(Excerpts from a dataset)
┄┄┄┄┄┄

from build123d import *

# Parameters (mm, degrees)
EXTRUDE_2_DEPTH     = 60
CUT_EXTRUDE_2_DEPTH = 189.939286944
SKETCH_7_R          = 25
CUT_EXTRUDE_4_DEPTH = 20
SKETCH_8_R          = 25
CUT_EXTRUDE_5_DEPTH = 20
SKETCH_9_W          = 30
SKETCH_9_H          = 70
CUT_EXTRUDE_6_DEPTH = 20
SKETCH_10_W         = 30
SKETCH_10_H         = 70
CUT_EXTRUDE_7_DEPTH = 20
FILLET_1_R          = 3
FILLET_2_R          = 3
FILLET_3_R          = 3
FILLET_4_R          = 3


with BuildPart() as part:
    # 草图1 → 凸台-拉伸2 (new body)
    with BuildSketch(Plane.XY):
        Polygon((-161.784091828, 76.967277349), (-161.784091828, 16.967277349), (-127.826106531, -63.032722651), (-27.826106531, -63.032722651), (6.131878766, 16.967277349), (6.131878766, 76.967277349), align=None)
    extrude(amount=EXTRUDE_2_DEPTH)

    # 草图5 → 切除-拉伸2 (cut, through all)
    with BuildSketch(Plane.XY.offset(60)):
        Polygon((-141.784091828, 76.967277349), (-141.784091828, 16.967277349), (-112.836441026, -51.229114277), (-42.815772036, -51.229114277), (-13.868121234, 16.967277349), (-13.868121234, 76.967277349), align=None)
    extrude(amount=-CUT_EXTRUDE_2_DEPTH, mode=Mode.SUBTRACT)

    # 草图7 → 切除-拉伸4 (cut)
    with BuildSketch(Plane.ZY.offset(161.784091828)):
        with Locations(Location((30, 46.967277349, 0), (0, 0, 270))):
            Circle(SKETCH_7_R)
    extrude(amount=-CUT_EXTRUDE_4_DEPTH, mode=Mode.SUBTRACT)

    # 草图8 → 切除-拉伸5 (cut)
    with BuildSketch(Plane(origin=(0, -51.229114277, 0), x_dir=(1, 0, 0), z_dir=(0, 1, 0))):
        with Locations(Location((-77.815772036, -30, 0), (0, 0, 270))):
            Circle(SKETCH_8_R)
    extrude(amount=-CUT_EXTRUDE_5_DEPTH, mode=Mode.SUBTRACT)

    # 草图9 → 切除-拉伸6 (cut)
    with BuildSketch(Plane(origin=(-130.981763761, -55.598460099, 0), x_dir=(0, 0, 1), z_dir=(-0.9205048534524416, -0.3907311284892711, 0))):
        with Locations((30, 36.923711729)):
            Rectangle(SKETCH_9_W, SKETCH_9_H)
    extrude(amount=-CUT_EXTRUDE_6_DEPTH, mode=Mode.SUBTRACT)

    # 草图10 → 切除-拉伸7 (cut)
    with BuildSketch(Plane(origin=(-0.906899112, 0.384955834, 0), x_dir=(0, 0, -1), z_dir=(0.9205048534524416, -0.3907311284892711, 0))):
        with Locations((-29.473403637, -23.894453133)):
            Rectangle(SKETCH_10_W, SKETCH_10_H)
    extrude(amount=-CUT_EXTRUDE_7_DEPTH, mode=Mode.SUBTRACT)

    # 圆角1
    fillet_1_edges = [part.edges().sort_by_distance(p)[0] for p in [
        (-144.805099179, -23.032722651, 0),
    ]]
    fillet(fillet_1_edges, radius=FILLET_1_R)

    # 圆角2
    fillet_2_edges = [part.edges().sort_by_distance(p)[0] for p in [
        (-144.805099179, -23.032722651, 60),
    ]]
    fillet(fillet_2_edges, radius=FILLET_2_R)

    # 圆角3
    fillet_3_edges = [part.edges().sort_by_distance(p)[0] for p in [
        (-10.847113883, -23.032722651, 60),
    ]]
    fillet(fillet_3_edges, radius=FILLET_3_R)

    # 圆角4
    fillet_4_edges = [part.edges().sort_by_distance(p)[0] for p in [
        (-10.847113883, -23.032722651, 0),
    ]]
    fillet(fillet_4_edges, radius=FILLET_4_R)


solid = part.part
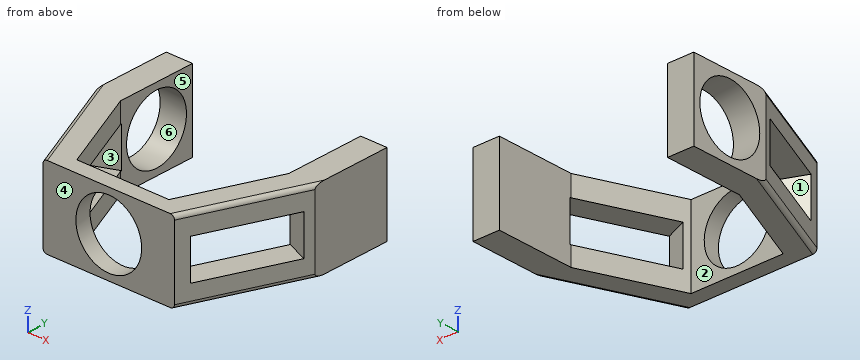
Work out the finished part from the listing and answer in its coordinate system (mm). Face numbers are marked on the shaded views. A direction names the side the tool comes from. Round coordinates to 2 decimals unless told otherwise and drop trailing zeros. Write each loop counter-clockwise with the first axis right and the second up, starting at its lowest first coordinate (ties: lowest second). Pieces come first, ordered by that corner, then holes. Notation, with made-up numbers: (40, 36) - (73, 36) arc R15 ccw to (73, 53) - close; hole circle Ø2 at (22.5, 22.25). An arc over 180 degrees is marked (long way). Answer in a Markdown table with one row per item. Add a question column.
1. A cutting plane is placed at B-B, the plane x = -94. Determine the outline of the cut face in (y, z).
2. The mould has two halves that part along Y. Classify the marked faces 4, 5 and 6: +Y half, -Y half, draft (parallel to the pull), parting line (faces both ways), or undercut.
3. For the marked faces 1, 2 and 3, determine the directions among +Z, -Z, +X, -X, +Y, -Y from which every point of the face is accessible in a straight line to the end or side of a thin tool.
4. A cutting plane is placed at A-A, the plane z = 30. Determine the outline of the cut face in (x, y), and give its area (3 significant figures).
5. Given pin 1 (5 mm diameter, centred on x = -40.5, z = 9.5, fed in from +Y); pin 2 (6 mm diameter, centred on y = 51.5, z = 9.5, fed in from -X); pin 3 (12 mm diameter, centred on x = -76.5, z = 11.5, fed in from -Y); pin 4 (4 mm diameter, centred on x = -25, z = 35, fed in from -Y), each flat-ended and moving along its own axis, determine where each tip first touches the part or whether it passes through.
6. A cutting plane is placed at C-C, the plane y = 42. Determine the outline of the cut face in (x, z).
7. A cutting plane is placed at D-D, the plane z = 48. Determine the outline of the cut face in (x, y).
8. Find the intervals of material crossed by line 1 along X through (y, z) = (23.5, 10.5); line 2 along X through (y, z) = (62.5, 24.5); line 3 along Y through (x, z) = (-47, 33), in increasing order. Write a range as from..to.
Worked out:
| question | item | result |
|---|---|---|
| 1 | outline | (-63.03, 0) - (-51.23, 0) - (-51.23, 10.95) - (-63.03, 10.95) - close; (-63.03, 49.05) - (-51.23, 49.05) - (-51.23, 60) - (-63.03, 60) - close |
| 2 | face 4 | -Y half |
| 2 | face 5 | draft |
| 2 | face 6 | undercut |
| 3 | face 1 | -X, +Y |
| 3 | face 2 | +Z, -Z, +Y |
| 3 | face 3 | -Y |
| 4 | outline | (-161.78, 16.97) - (-159.08, 10.61) - (-141.78, 17.95) - (-141.78, 21.97) - (-161.78, 21.97) - close; (-161.78, 71.97) - (-141.78, 71.97) - (-141.78, 76.97) - (-161.78, 76.97) - close; (-131.73, -53.83) - (-127.83, -63.03) - (-102.82, -63.03) - (-102.82, -51.23) - (-112.84, -51.23) - (-114.79, -46.63) - close; (-52.82, -63.03) - (-27.83, -63.03) - (-23.92, -53.83) - (-40.87, -46.63) - (-42.82, -51.23) - (-52.82, -51.23) - close; (-13.87, 17.95) - (3.43, 10.61) - (6.13, 16.97) - (6.13, 76.97) - (-13.87, 76.97) - close |
| 4 | area | 2,200 mm^2 |
| 5 | pin 1 | y = -39.88 |
| 5 | pin 2 | x = -13.87 |
| 5 | pin 3 | through |
| 5 | pin 4 | y = -61.09 |
| 6 | outline | (-161.78, 0) - (-141.78, 0) - (-141.78, 5.5) - (-161.78, 5.5) - close; (-161.78, 54.5) - (-141.78, 54.5) - (-141.78, 60) - (-161.78, 60) - close; (-13.87, 0) - (6.13, 0) - (6.13, 60) - (-13.87, 60) - close |
| 7 | outline | (-161.78, 16.97) - (-127.83, -63.03) - (-95.17, -63.03) - (-95.17, -51.23) - (-112.84, -51.23) - (-141.78, 16.97) - (-141.78, 29.62) - (-161.78, 29.62) - close; (-161.78, 64.32) - (-141.78, 64.32) - (-141.78, 76.97) - (-161.78, 76.97) - close; (-60.47, -63.03) - (-27.83, -63.03) - (6.13, 16.97) - (6.13, 76.97) - (-13.87, 76.97) - (-13.87, 16.97) - (-42.82, -51.23) - (-60.47, -51.23) - close |
| 8 | line 1 | -161.78..-141.78, -13.87..6.13 |
| 8 | line 2 | -13.87..6.13 |
| 8 | line 3 | -63.03..-51.23 |

┄┄┄┄┄┄

PROBLEM: Copy out, from the data above, every line holding the word "radius".

RESULT:
    fillet(fillet_1_edges, radius=FILLET_1_R)
    fillet(fillet_2_edges, radius=FILLET_2_R)
    fillet(fillet_3_edges, radius=FILLET_3_R)
    fillet(fillet_4_edges, radius=FILLET_4_R)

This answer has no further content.